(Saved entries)
::::

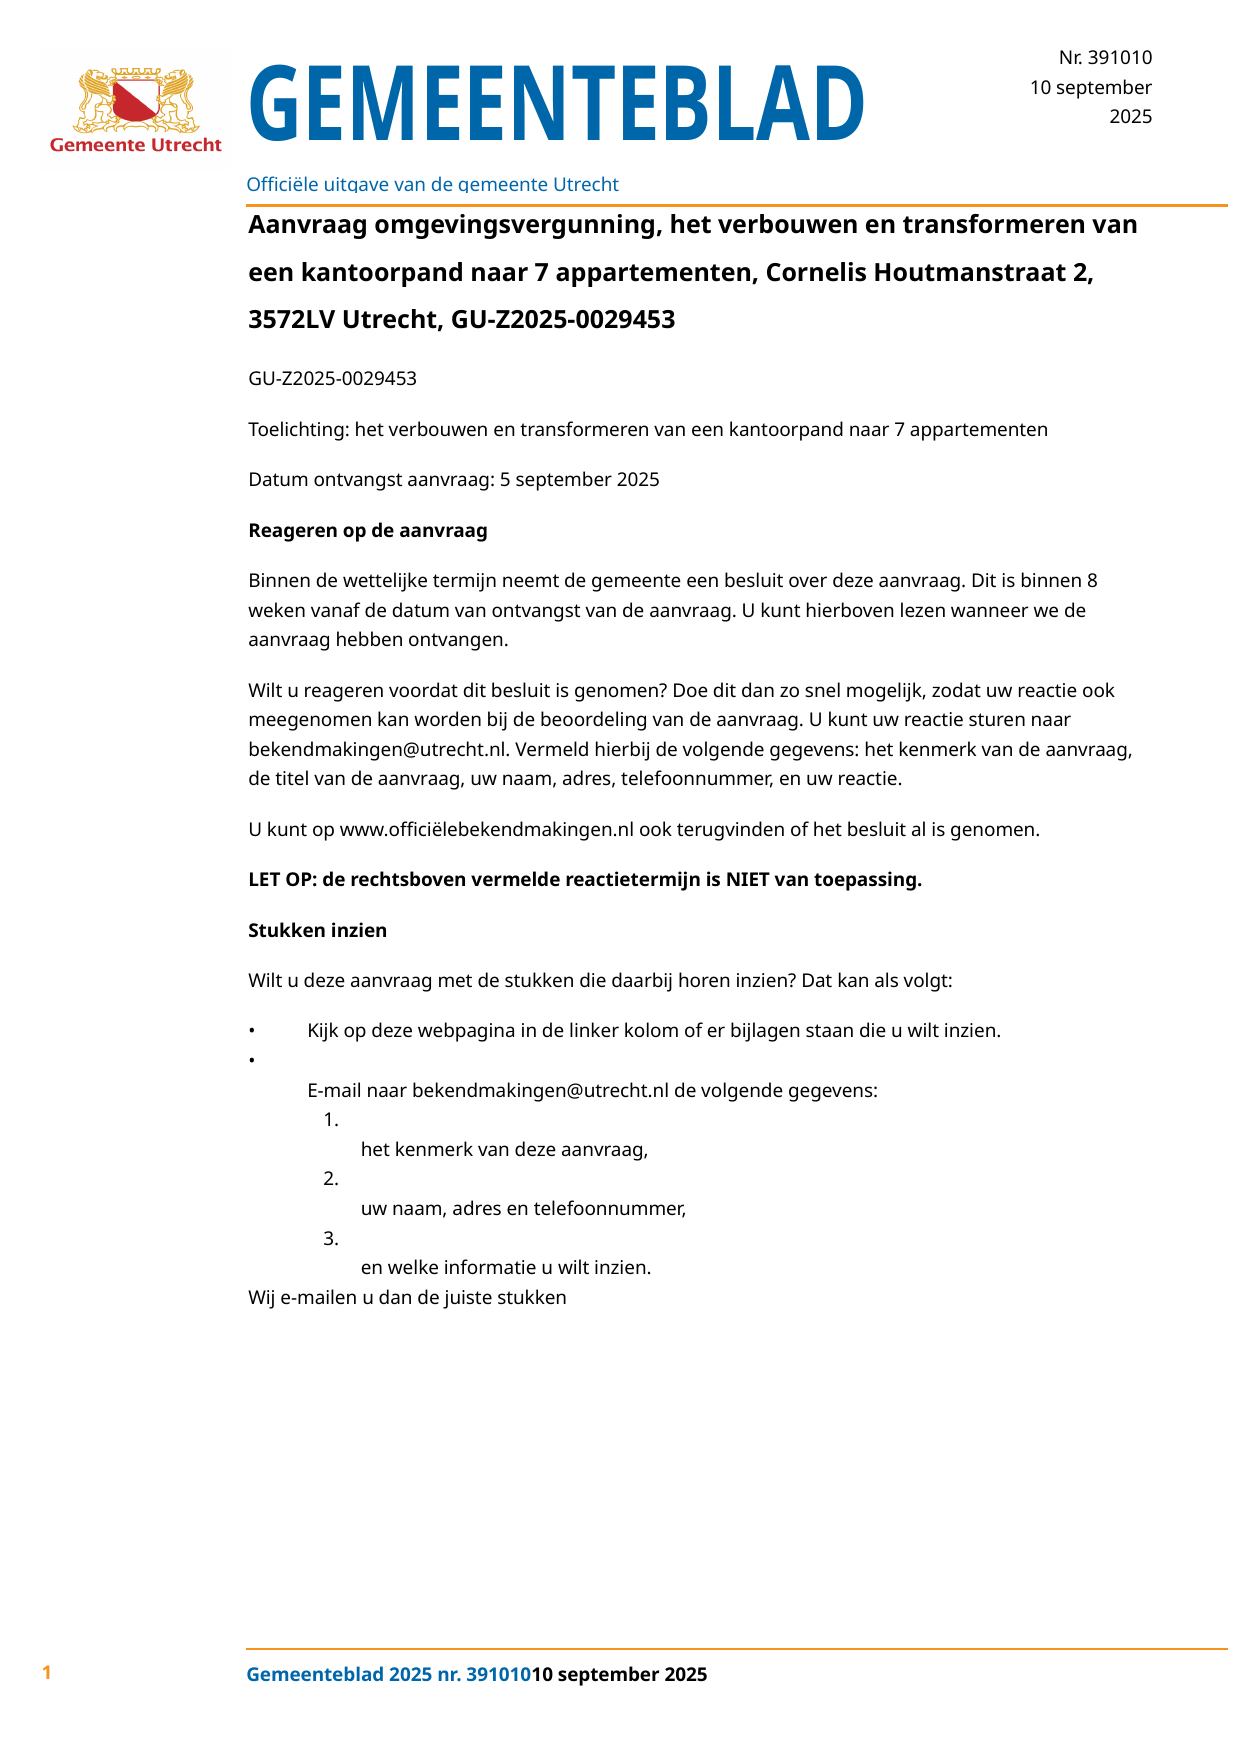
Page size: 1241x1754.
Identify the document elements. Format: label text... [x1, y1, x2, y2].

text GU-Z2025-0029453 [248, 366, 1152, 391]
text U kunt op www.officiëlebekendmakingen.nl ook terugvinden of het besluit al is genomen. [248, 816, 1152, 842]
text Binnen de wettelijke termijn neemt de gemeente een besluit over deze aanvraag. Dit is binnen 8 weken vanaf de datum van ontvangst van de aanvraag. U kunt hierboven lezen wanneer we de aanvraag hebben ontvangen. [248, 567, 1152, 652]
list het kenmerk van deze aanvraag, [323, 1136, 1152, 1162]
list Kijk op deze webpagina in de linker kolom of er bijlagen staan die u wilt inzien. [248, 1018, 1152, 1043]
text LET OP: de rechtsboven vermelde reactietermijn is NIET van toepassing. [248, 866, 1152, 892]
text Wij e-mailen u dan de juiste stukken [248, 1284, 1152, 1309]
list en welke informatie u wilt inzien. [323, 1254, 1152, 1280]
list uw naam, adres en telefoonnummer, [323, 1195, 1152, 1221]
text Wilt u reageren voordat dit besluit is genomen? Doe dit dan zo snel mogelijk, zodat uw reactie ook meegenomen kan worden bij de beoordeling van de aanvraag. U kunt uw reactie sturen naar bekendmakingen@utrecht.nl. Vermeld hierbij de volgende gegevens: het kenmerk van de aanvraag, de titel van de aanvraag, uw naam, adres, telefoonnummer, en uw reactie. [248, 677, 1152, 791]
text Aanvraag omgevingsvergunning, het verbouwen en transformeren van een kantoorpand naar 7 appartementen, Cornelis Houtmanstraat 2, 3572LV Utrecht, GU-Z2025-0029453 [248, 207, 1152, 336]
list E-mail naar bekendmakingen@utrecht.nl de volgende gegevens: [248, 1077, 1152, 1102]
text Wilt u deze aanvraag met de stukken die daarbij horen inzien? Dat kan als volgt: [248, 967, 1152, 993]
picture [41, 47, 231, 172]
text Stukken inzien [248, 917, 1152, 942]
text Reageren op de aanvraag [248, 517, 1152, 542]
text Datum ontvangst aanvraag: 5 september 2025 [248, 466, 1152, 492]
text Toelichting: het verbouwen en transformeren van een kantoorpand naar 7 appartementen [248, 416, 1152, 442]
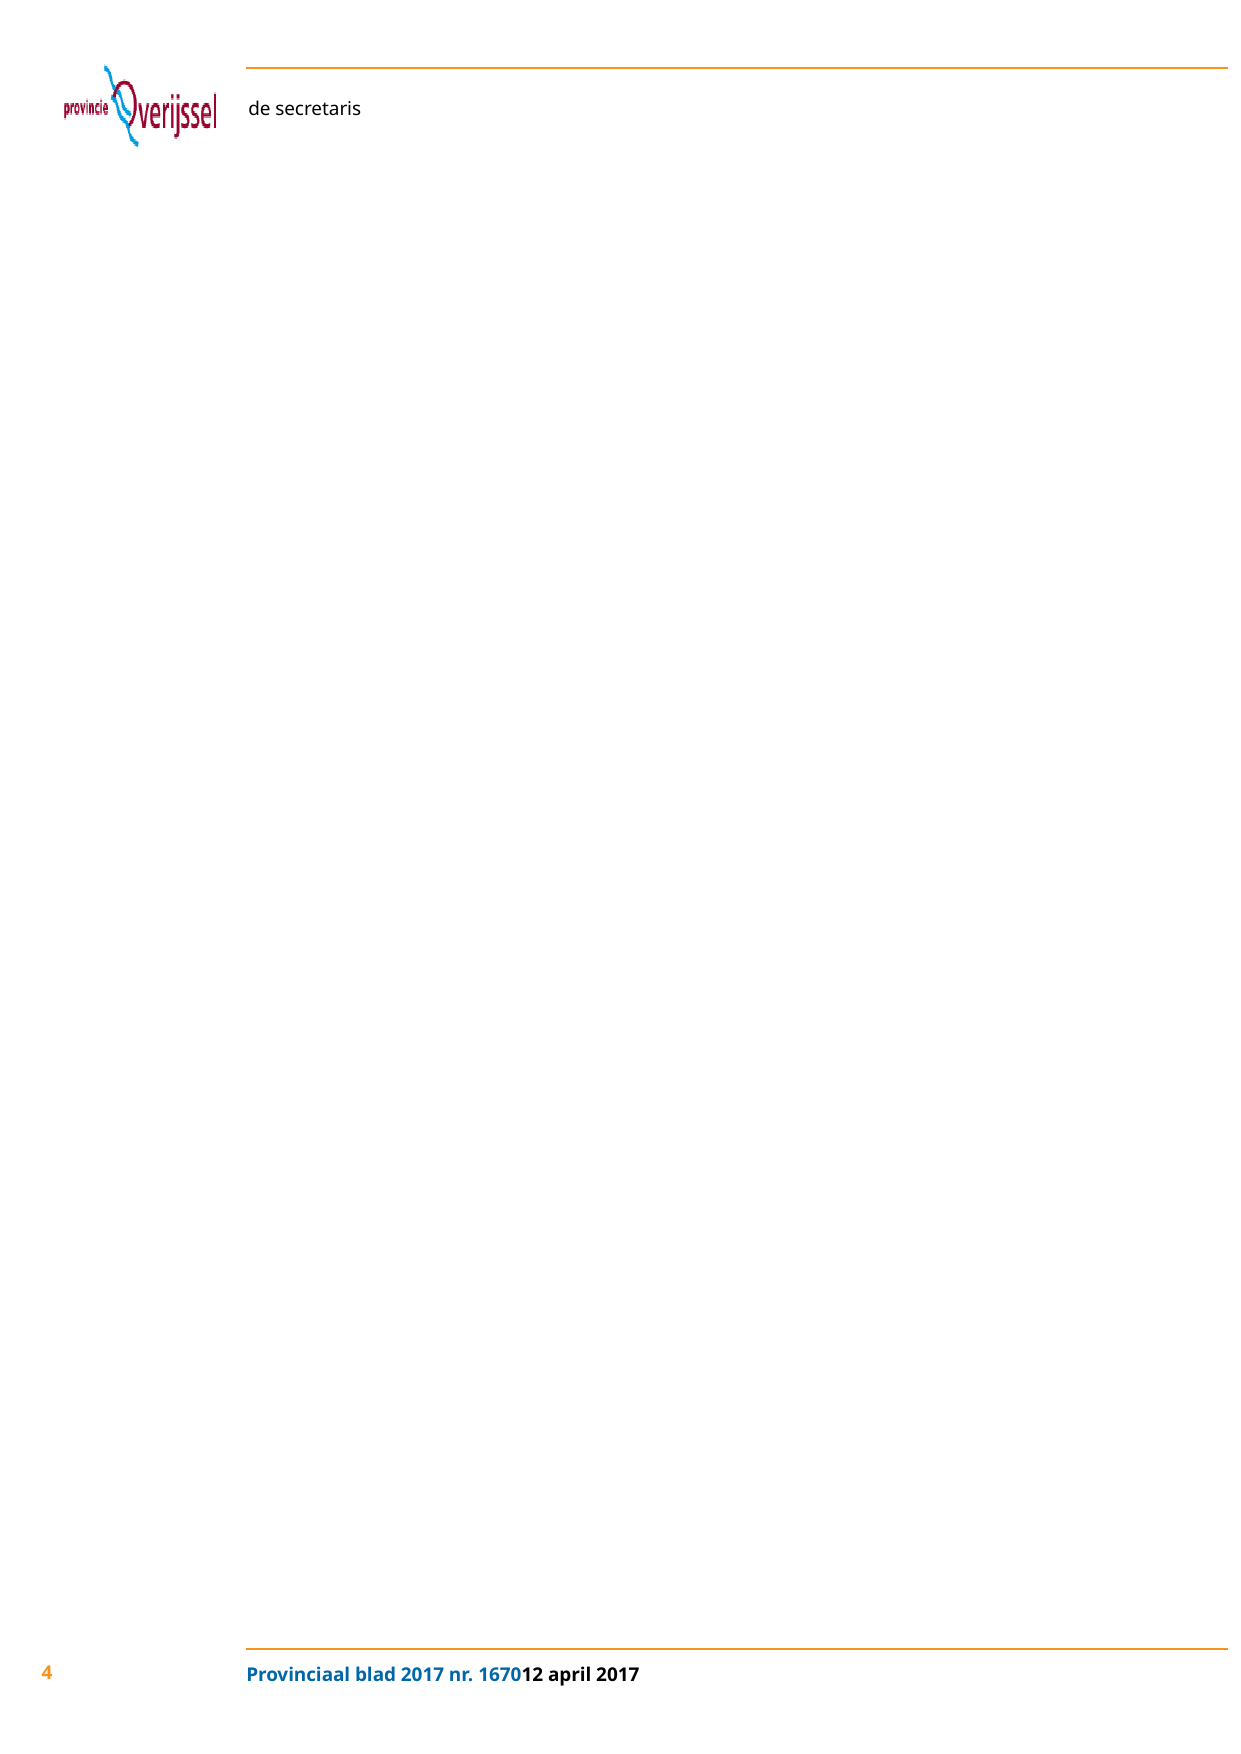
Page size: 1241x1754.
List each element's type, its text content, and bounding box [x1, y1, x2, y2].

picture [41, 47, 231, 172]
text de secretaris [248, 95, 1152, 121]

::::

● Activity
Whenever images occur above, omit them and retype each line exactly as it stands.

● Response to this exercise
Page size: 1241x1754.
Identify the document elements. Format: label text... [x1, y1, x2, y2].

text GU-Z2025-0029453 [248, 366, 1152, 391]
text U kunt op www.officiëlebekendmakingen.nl ook terugvinden of het besluit al is genomen. [248, 816, 1152, 842]
text Binnen de wettelijke termijn neemt de gemeente een besluit over deze aanvraag. Dit is binnen 8 weken vanaf de datum van ontvangst van de aanvraag. U kunt hierboven lezen wanneer we de aanvraag hebben ontvangen. [248, 567, 1152, 652]
list het kenmerk van deze aanvraag, [323, 1136, 1152, 1162]
list Kijk op deze webpagina in de linker kolom of er bijlagen staan die u wilt inzien. [248, 1018, 1152, 1043]
text LET OP: de rechtsboven vermelde reactietermijn is NIET van toepassing. [248, 866, 1152, 892]
text Wij e-mailen u dan de juiste stukken [248, 1284, 1152, 1309]
list en welke informatie u wilt inzien. [323, 1254, 1152, 1280]
list uw naam, adres en telefoonnummer, [323, 1195, 1152, 1221]
text Wilt u reageren voordat dit besluit is genomen? Doe dit dan zo snel mogelijk, zodat uw reactie ook meegenomen kan worden bij de beoordeling van de aanvraag. U kunt uw reactie sturen naar bekendmakingen@utrecht.nl. Vermeld hierbij de volgende gegevens: het kenmerk van de aanvraag, de titel van de aanvraag, uw naam, adres, telefoonnummer, en uw reactie. [248, 677, 1152, 791]
text Aanvraag omgevingsvergunning, het verbouwen en transformeren van een kantoorpand naar 7 appartementen, Cornelis Houtmanstraat 2, 3572LV Utrecht, GU-Z2025-0029453 [248, 207, 1152, 336]
list E-mail naar bekendmakingen@utrecht.nl de volgende gegevens: [248, 1077, 1152, 1102]
text Wilt u deze aanvraag met de stukken die daarbij horen inzien? Dat kan als volgt: [248, 967, 1152, 993]
picture [41, 47, 231, 172]
text Stukken inzien [248, 917, 1152, 942]
text Reageren op de aanvraag [248, 517, 1152, 542]
text Datum ontvangst aanvraag: 5 september 2025 [248, 466, 1152, 492]
text Toelichting: het verbouwen en transformeren van een kantoorpand naar 7 appartementen [248, 416, 1152, 442]
Page size: 1241x1754.
List each element's type, its text content, and bounding box [x1, y1, x2, y2].

picture [41, 47, 231, 172]
text de secretaris [248, 95, 1152, 121]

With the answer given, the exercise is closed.